_What to produce_.
The "title: Vase with" line through the end of the listing below is what to set down, word for word, and nothing else.

_Listed entries_.

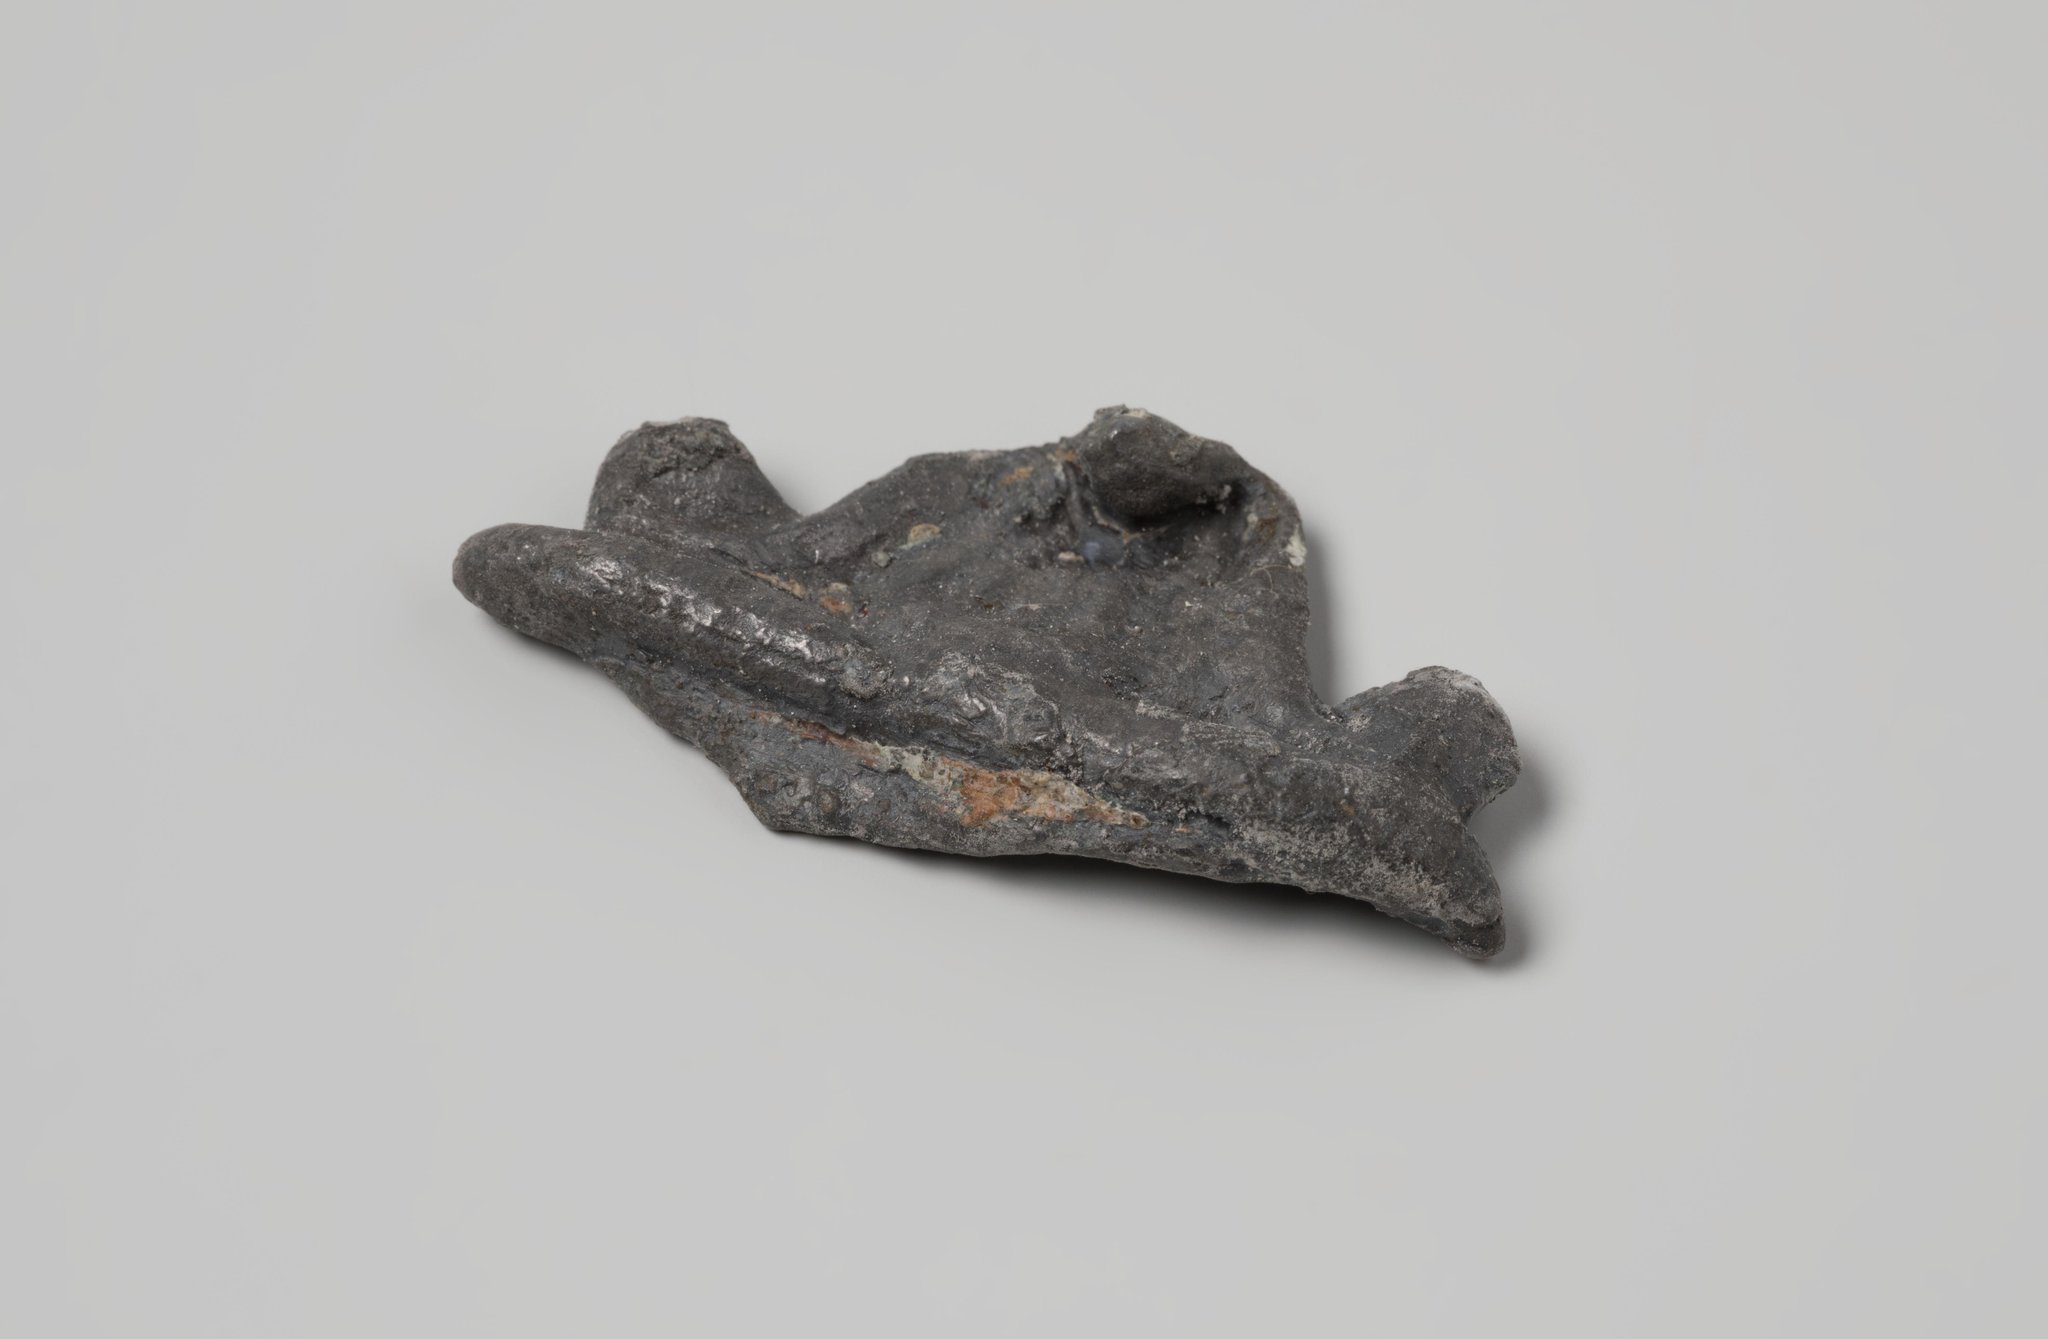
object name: beslag
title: Decoratief beslag uit het wrak van de Oost-Indiëvaarder Hollandia
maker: Anonymous
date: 1700-1743
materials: lead
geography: netherlands
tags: verenigde oostindische compagnie, hollandia (schip), annet
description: Fitting, decorative fitting or fragment; fragm of straight lower rim, scrolling cartouche with harp motif, flat rear side, eroded, squashed.
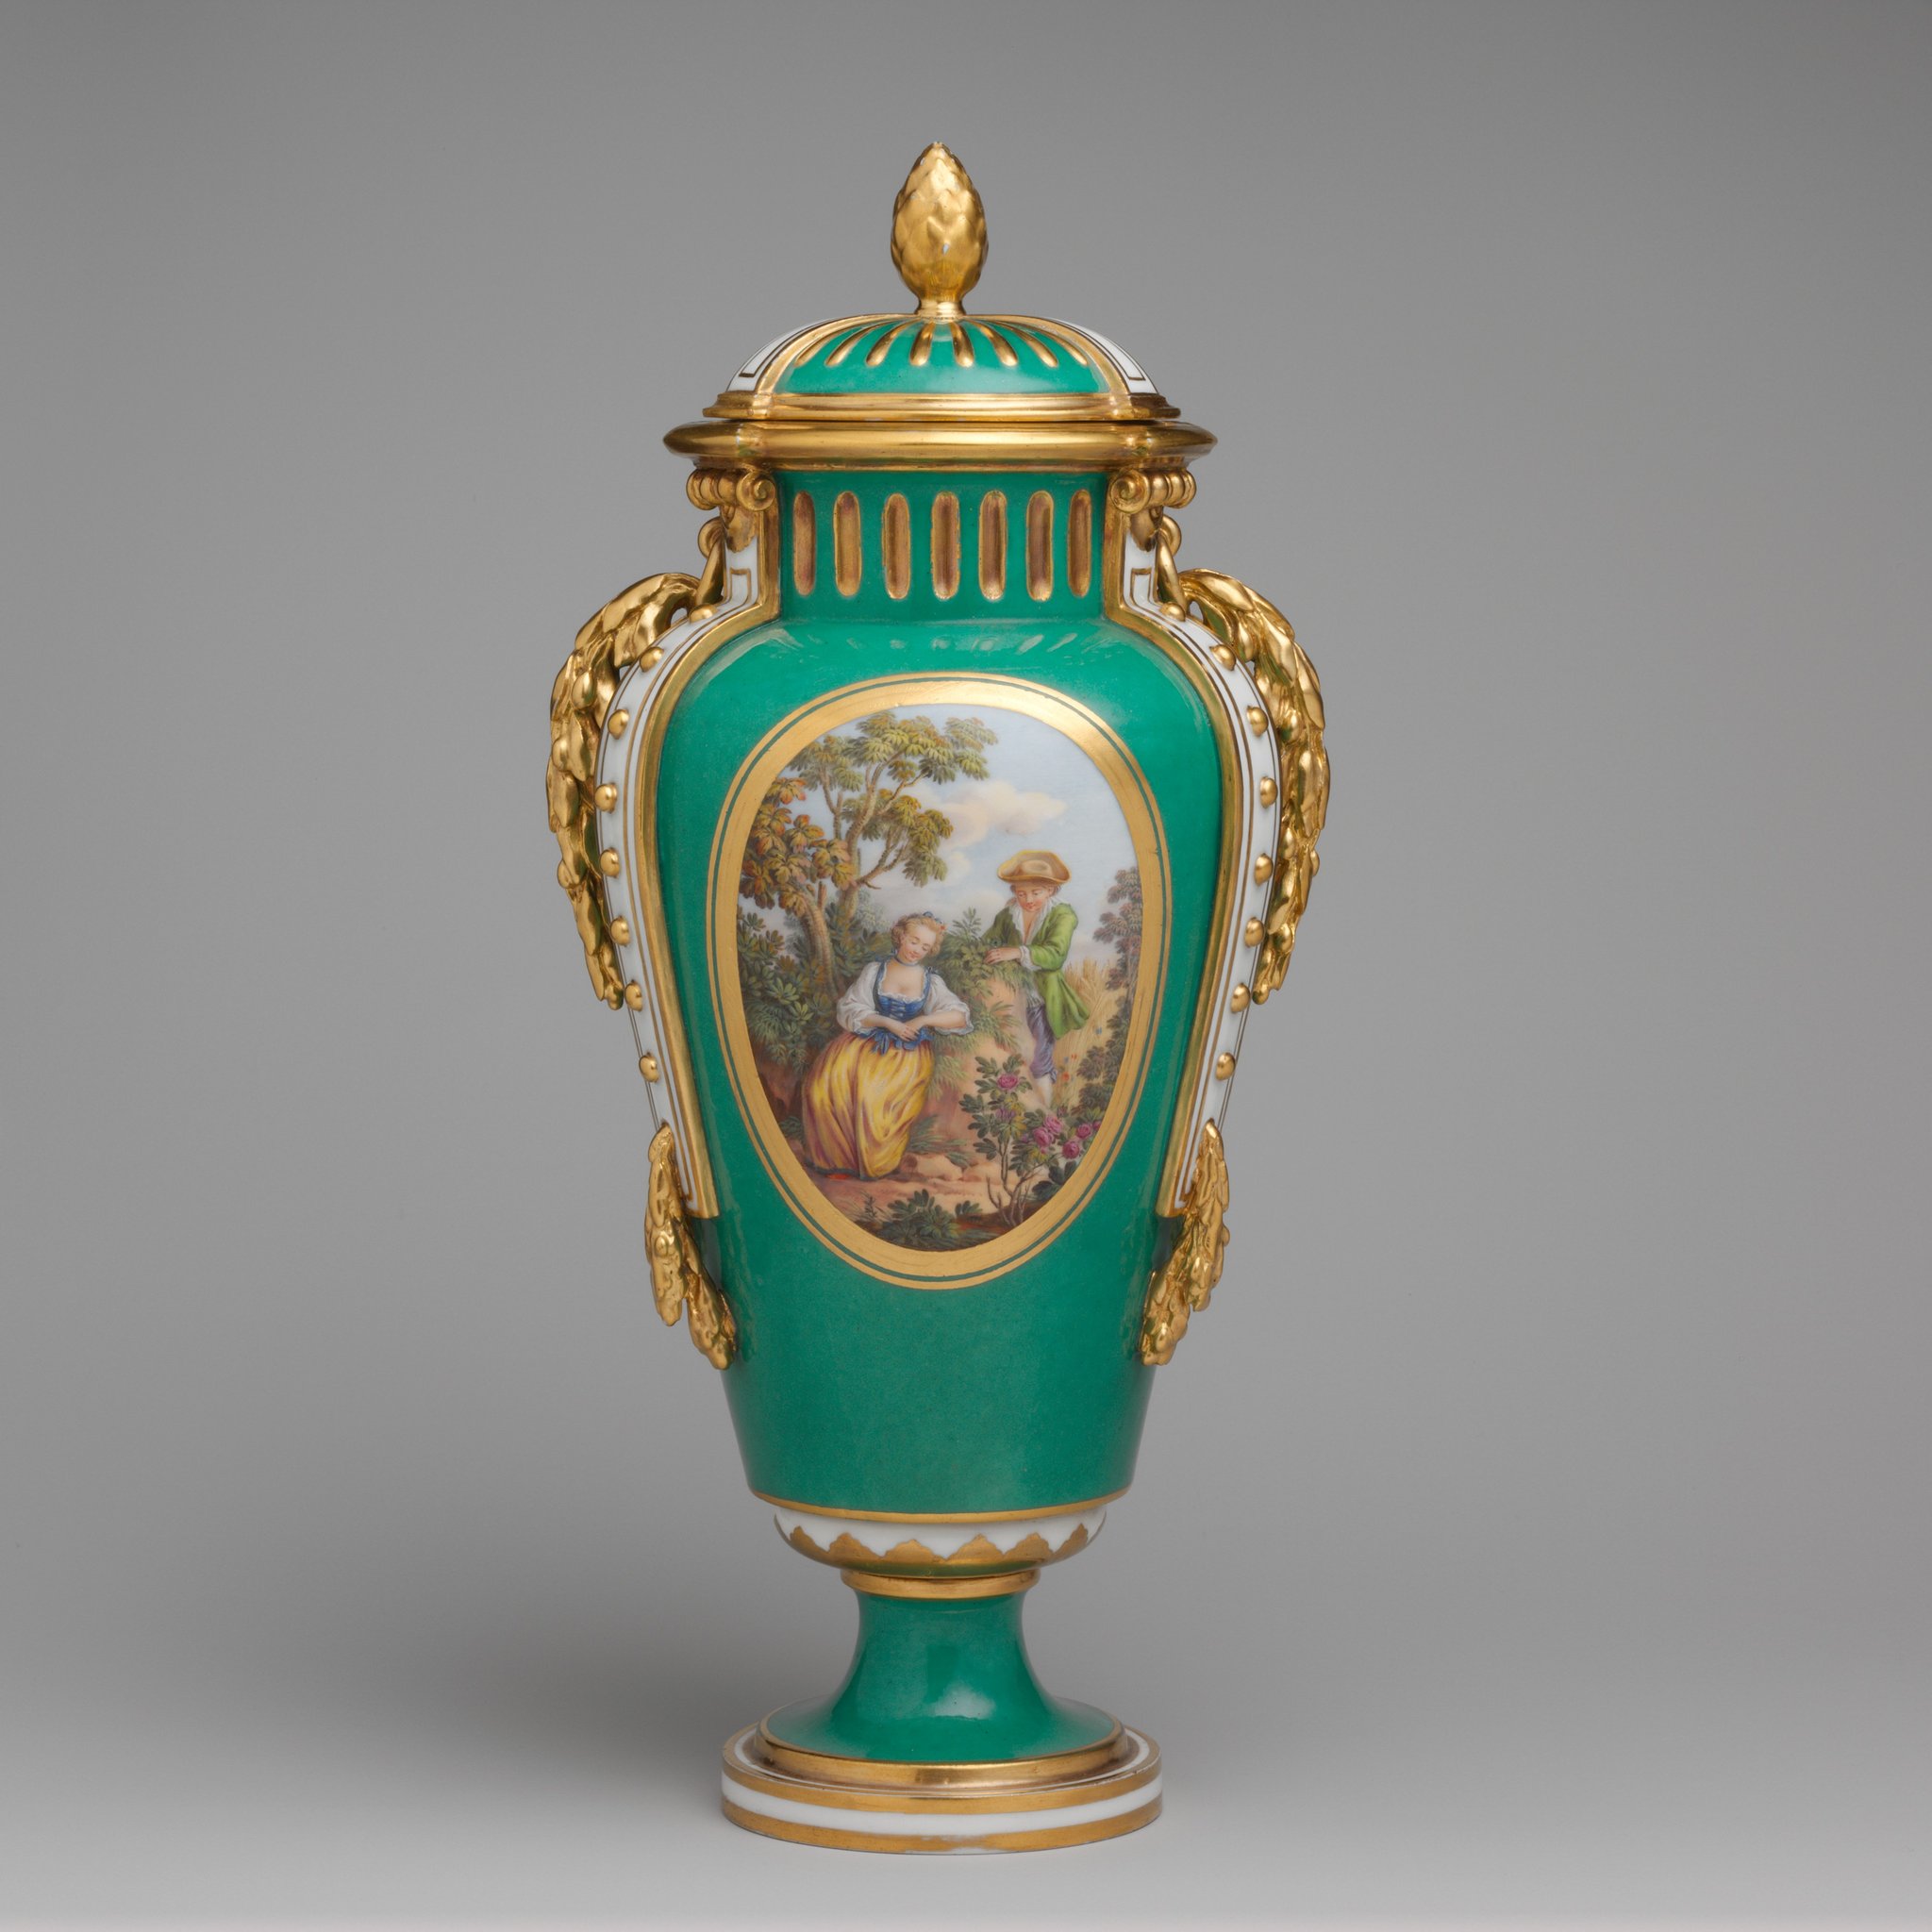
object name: vase with cover
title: Vase with cover (vase à bandes) (one of a pair)
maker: sèvres manufactory
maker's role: manufactory
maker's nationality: french
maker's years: 1740-
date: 1770-1775
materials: soft paste porcelain
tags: men,women

_Answer_.
title: Vase with cover (vase à bandes) (one of a pair)
maker: sèvres manufactory
maker's role: manufactory
maker's nationality: french
maker's years: 1740-
date: 1770-1775
materials: soft paste porcelain
tags: men,women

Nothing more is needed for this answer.